Wise, S.L. (2019) Controlling construct-irrelevant factors through computer-based testing: disengagement, anxiety, & cheating, Education Inquiry, 10:1, 21-33, DOI: 10.1080/20004508.2018.1490127

[1] We use the descriptor second year for brevity: this group includes students with 45-70 credits before the Spring semester. The group thus includes some 1st year students who took college credit concurrently with high school, as well as some 3rd year students who did not earn quite enough credits to be tested in their 2nd year.

This document is currently not available here.

Share

COinS
 

Context Matters: The Impact of External Events on Low-Stakes Assessment

This project investigates validity concerns of assessment results that are due to of low effort, common with low-stakes assessment, and additional contextual factors: different environmental and personal factors that impact test-taking effort and subsequent scores. Low stakes-assessment is a common way universities assess general education programming and student learning outcomes. However, students have fewer personal consequences with low-stakes assessment, so they are less motivated to put forth their best effort (Wise, 2019). Any systematic disruptions, like effort or additional contextual factors that affect scores on assessment, impacts the validity of scores. Validity is concerned with what scores mean and how they are interpreted considering that meaning. If we incorrectly interpret scores due to these factors, programmatic and institutional decisions can be impacted.

We examined if student effort and assessment performance varied over time, potentially complicating the interpretation of cross-cohort comparisons. JMU’s Assessment Day results for three different assessments were analyzed to compare results from different semesters and different cohorts of students (first-year and second year[1] students entering or continuing their time in the university between 2020 and 2022). We investigated the following research questions:

  1. Did students in different semesters differ in how long they spent on the tests?
  2. Did students in Spring 21 and students in Spring 22 differ in their test scores? Did students in different Fall semesters differ in their test scores?
  3. For students who took the same test in Fall 20 and Spring 22, are differences in time spent testing related to score gains from pretest to posttest?
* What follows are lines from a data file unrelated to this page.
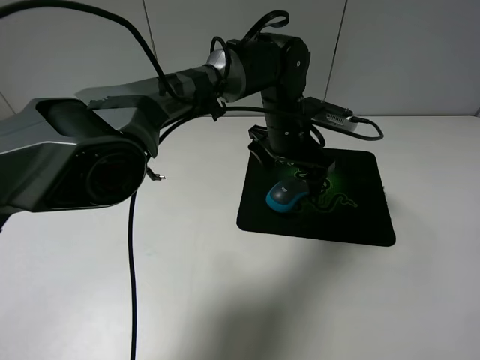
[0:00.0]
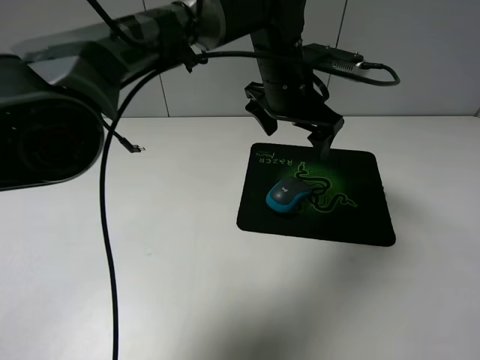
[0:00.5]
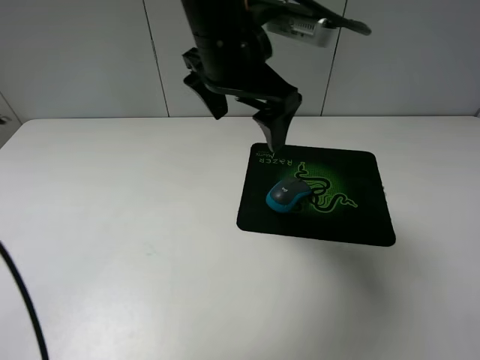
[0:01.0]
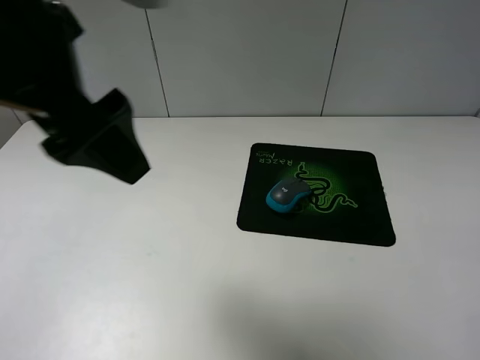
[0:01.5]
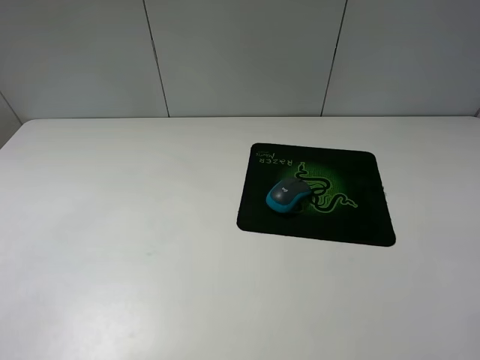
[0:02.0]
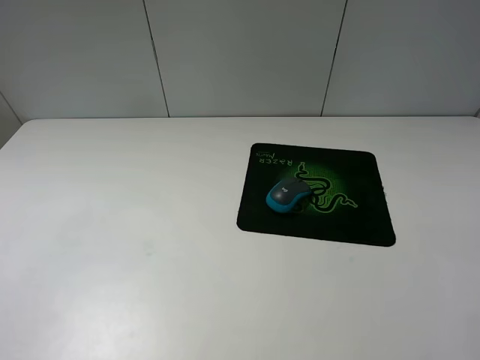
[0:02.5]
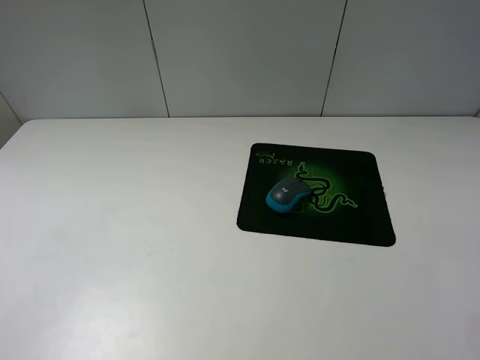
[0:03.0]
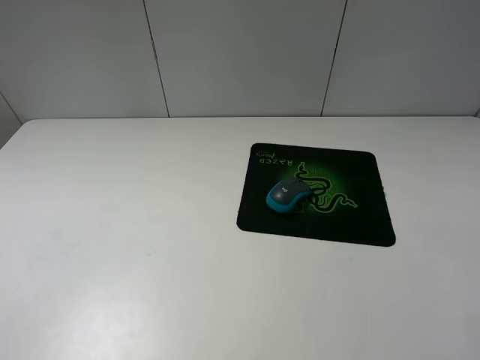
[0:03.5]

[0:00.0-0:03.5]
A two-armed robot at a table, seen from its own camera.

The selected period of test administrations presented a unique opportunity to explore how changing context may impact large-scale, low-stakes assessment; we paid special attention to the Spring 2022 semester as students were faced with news of a fatal campus shooting nearby, more than one suicide on JMU’s campus, and a later-redacted announcement ‘cancelling’ Assessment Day. Students were confused about their participation while grieving the loss of fellow community members. In this context, it is likely the validity of test scores was affected.

We found that time spent on the tests did vary across semesters, and this variance in times was also associated with variance in scores. This calls into question comparisons of the test scores of different cohorts. When one group scores higher than another, it is difficult to know if the higher-scoring group really knew the content better or was more focused and engaged in the test. It also makes comparisons of the same students over time difficult. Students who gave more effortful responses at pretest than posttest may appear to regress in their knowledge. These contextual factors must be considered when interpreting assessment results.

Wise, S.L. (2019) Controlling construct-irrelevant factors through computer-based testing: disengagement, anxiety, & cheating, Education Inquiry, 10:1, 21-33, DOI: 10.1080/20004508.2018.1490127

[1] We use the descriptor second year for brevity: this group includes students with 45-70 credits before the Spring semester. The group thus includes some 1st year students who took college credit concurrently with high school, as well as some 3rd year students who did not earn quite enough credits to be tested in their 2nd year.